Clarken disagrees. She pointed out that set-top-box data itself is a limited sample, which means it could contain biases toward or away from a particular age group or ethnicity. (For instance, cord-cutters tend to be younger and could therefore be underrepresented in data from cable boxes.) She said Nielsen uses big datasets, too, but in conjunction with a panel. “This is Research 101,” Clarken said. “If you take a big sample, then you have to have a representative sample underneath it to actually make any use out of it, otherwise all you’re doing is you’re reporting on a subset of the population.”

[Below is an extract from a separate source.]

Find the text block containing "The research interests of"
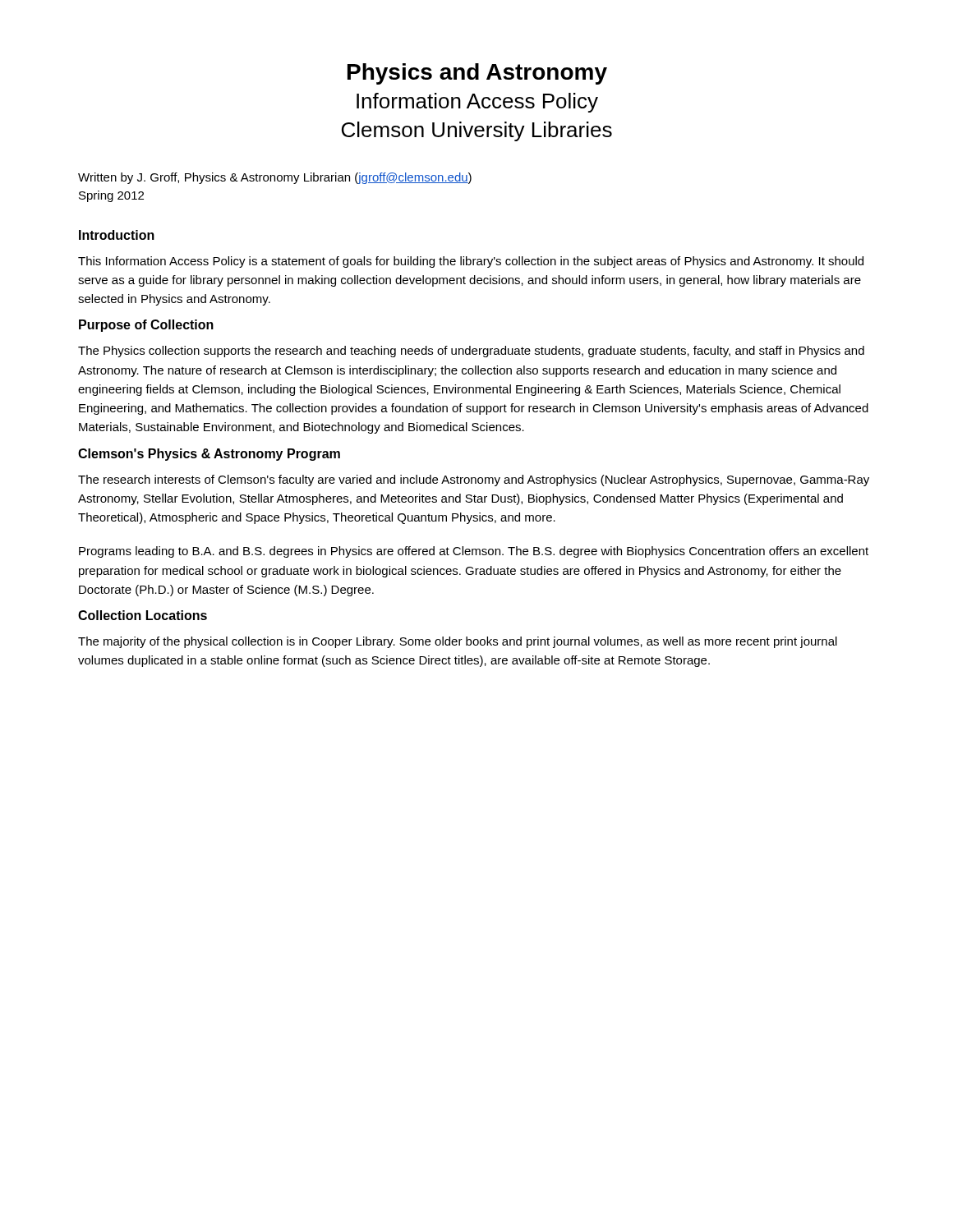Viewport: 953px width, 1232px height. [x=474, y=498]
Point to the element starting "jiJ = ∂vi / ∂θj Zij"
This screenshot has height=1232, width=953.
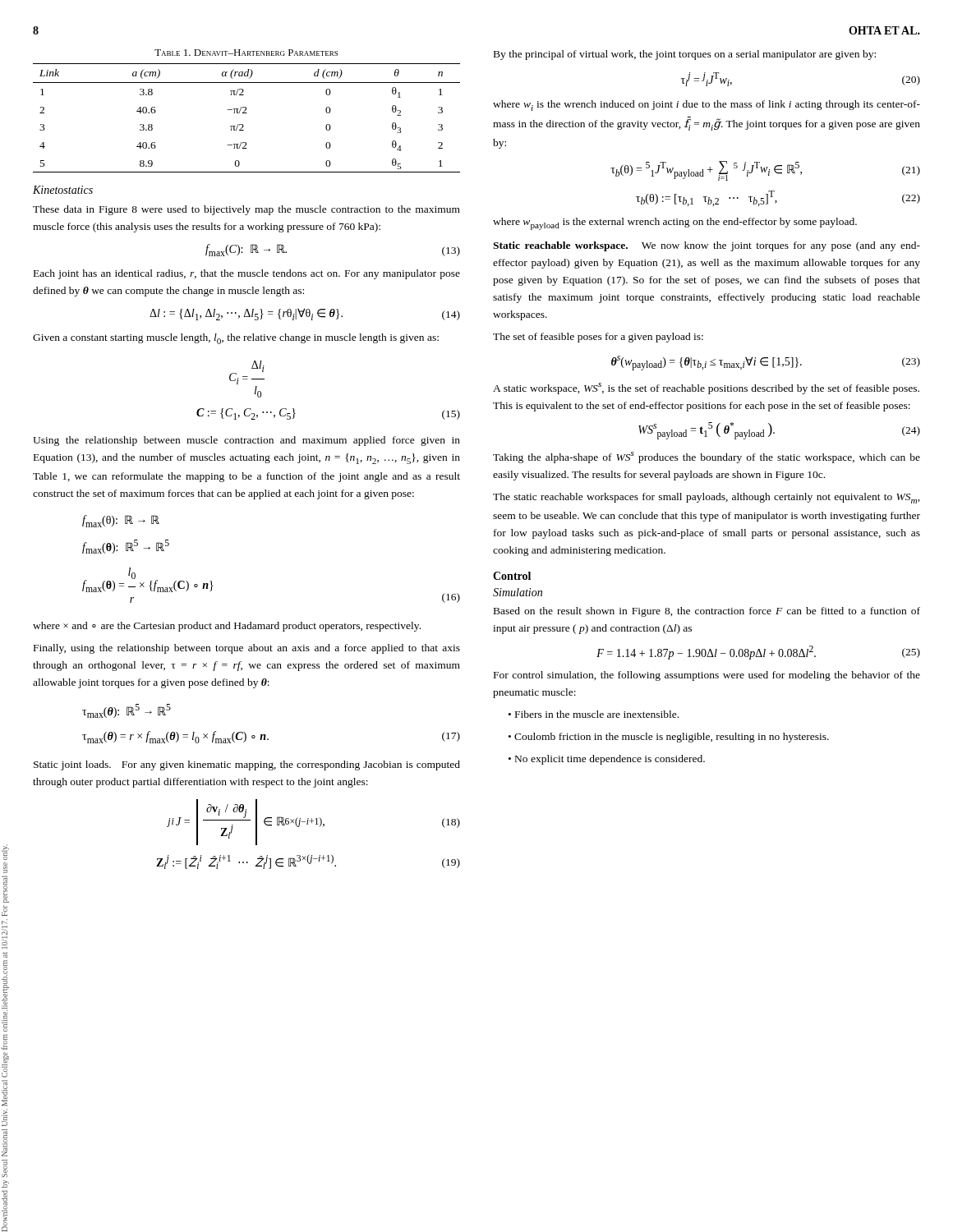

Meanwhile, big changes are coming. Nielsen in December will unveil its ambitious and long-awaited Total Audience measurement tool, which will account for video viewing across mobile devices, personal computers and connected TV devices, in addition to the standard linear televisions, DVRs and video-on-demand. Clarken said the tool will provide comparable metrics between digital and linear viewing platforms, with numbers produced using a consistent methodology. Not even the craftiest cord-cutter or binge-watcher will escape its reach.

It’s exactly the kind of measurement tool Jay Sures and others in the industry have been screaming for, but building it is only one piece of the puzzle. The next step is persuading a skeptical and jittery TV industry to agree on ratings criteria that would include much-needed revisions to the outdated agreement reached in 2006. Nielsen insisted that’s a top priority for the company.

“We’ve taken the initiative to call the industry back together,” Clarken said. “Let’s revisit the rules and bring them in line with the way consumers are behaving today. That conversation has started.”